Pertukaran Data Pribadi, Tantangan Kongsi Perbankan – Fintech

Rancangan Undang-Undang Perlindungan Data Pribadi (RUU PDP) hingga kini belum juga disahkan sejak masuk Program Legislasi Nasional atau Prolegnas tahun 2020

Oleh: Faisal Rachman

ImageIlustrasi Perlindungan data pribadi. ist.dok

JAKARTA - Otoritas Jasa Keuangan (OJK) menyebutkan perlindungan dan pertukaran data pribadi nasabah yang belum dijamin oleh undang-undang, menjadi salah satu satu tantangan kolaborasi perbankan dengan pihak nonperbankan.
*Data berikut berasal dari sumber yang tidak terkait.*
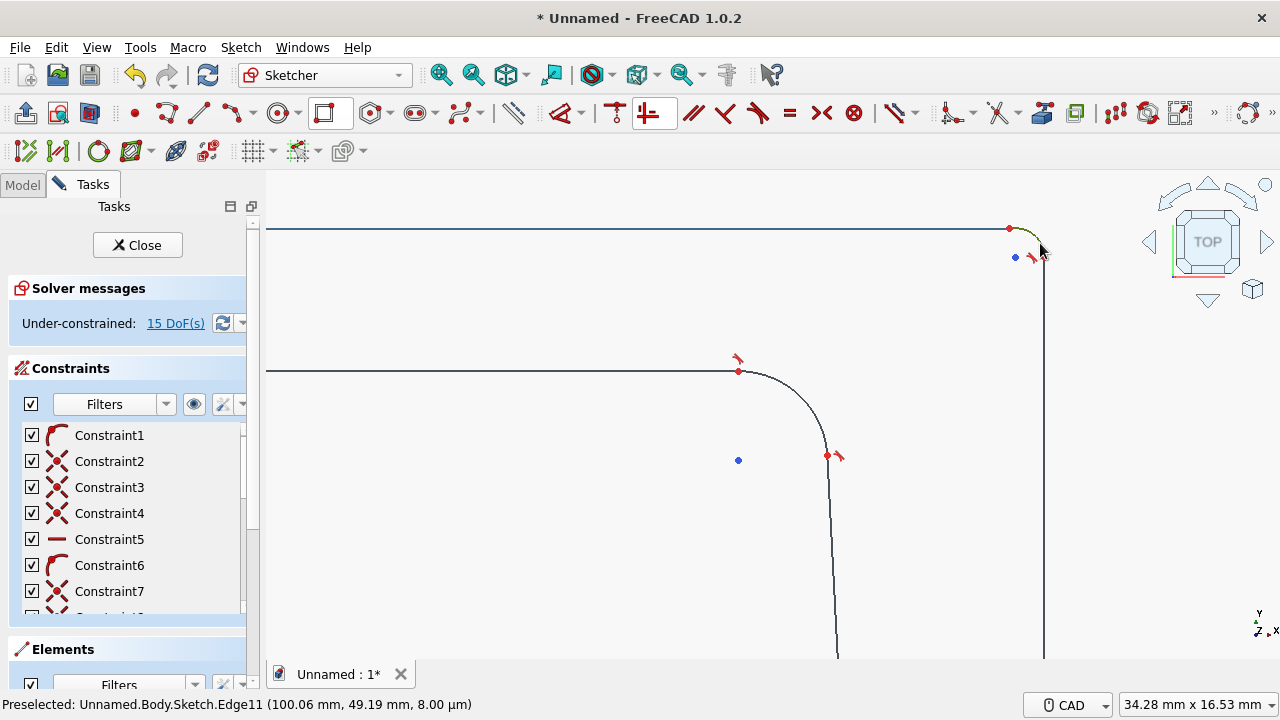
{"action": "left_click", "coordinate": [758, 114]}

Termasuk pelaku teknologi finansial atau fintech.

"Merespon kolaborasi fintech dan perbankan, kami melihat tantangan-tantangan yang ada supaya kolaborasi dapat berjalan lebih baik. Kami berharap ketika perbankan bekerjsama dengan fintech, maka perlu diperhatikan juga prinsip perlindungan data, walau kita belum ada UU Perlindungan Data Pribadi atau UU PDP," kata Deputi Direktur Basel dan Perbankan Internasional OJK Tony dalam diskusi daring di Jakarta, Kamis (10/6).

OJK sendiri, lanjutnya sudah meminta perbankan memperhatikan hal tersebut. Hal lainnya yang tak kalah penting adalah soal kebijakan data transfer, sehingga tidak melanggar rahasia bank yang memang diatur oleh UU Perbankan.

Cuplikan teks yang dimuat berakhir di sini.